**PROMPT:**
From the entries below, retype only the lines from the one with "Ensure brevity in" through the one with "Offer a very", exactly as written.

[Recorded data]
================

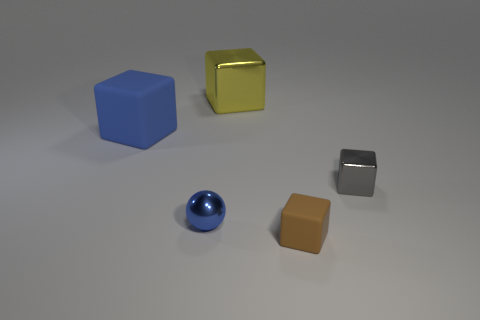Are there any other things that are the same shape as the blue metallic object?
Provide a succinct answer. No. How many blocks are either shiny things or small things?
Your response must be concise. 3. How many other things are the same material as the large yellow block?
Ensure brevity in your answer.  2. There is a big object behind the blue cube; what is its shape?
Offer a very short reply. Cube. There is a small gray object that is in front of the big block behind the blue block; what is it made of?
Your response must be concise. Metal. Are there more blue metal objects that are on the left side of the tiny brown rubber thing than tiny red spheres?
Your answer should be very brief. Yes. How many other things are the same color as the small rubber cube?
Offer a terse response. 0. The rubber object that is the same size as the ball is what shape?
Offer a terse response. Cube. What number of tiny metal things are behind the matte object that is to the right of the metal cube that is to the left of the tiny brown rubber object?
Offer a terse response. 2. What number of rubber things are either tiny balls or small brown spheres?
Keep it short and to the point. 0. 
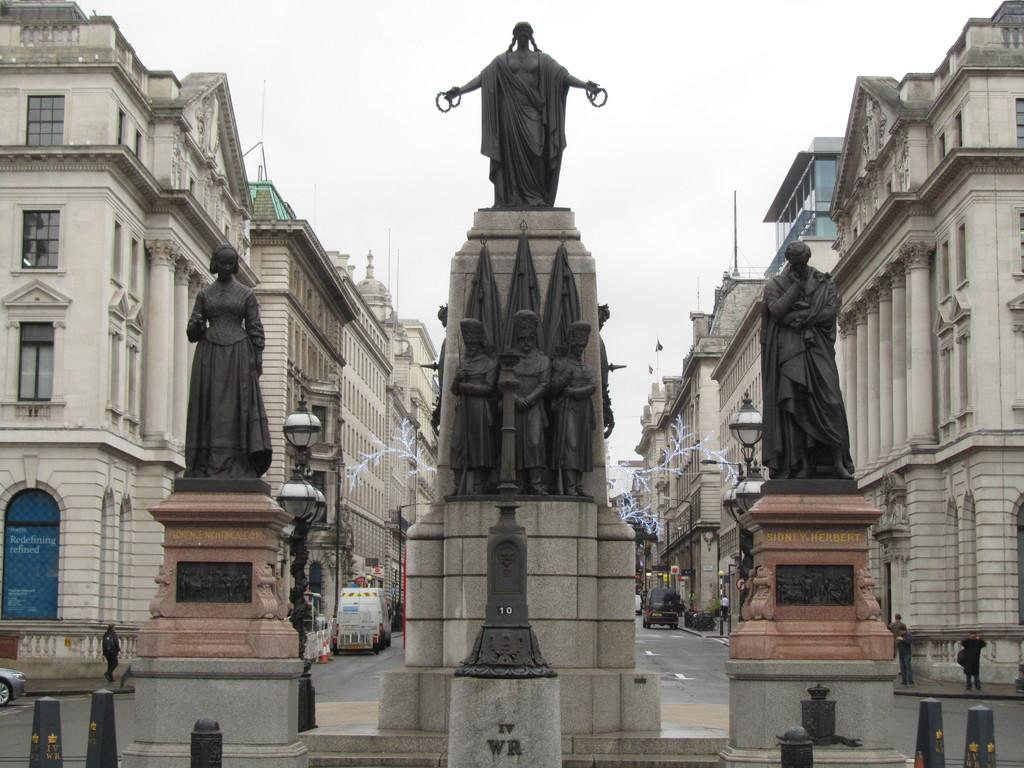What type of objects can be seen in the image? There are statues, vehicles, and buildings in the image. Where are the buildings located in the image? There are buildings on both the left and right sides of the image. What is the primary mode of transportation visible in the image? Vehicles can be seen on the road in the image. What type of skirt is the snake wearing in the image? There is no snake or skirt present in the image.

================

**TASK RESPONSE:**
Ensure brevity in your answer.  2. There is a big object behind the blue cube; what is its shape?
Offer a very short reply. Cube. There is a small gray object that is in front of the big block behind the blue block; what is it made of?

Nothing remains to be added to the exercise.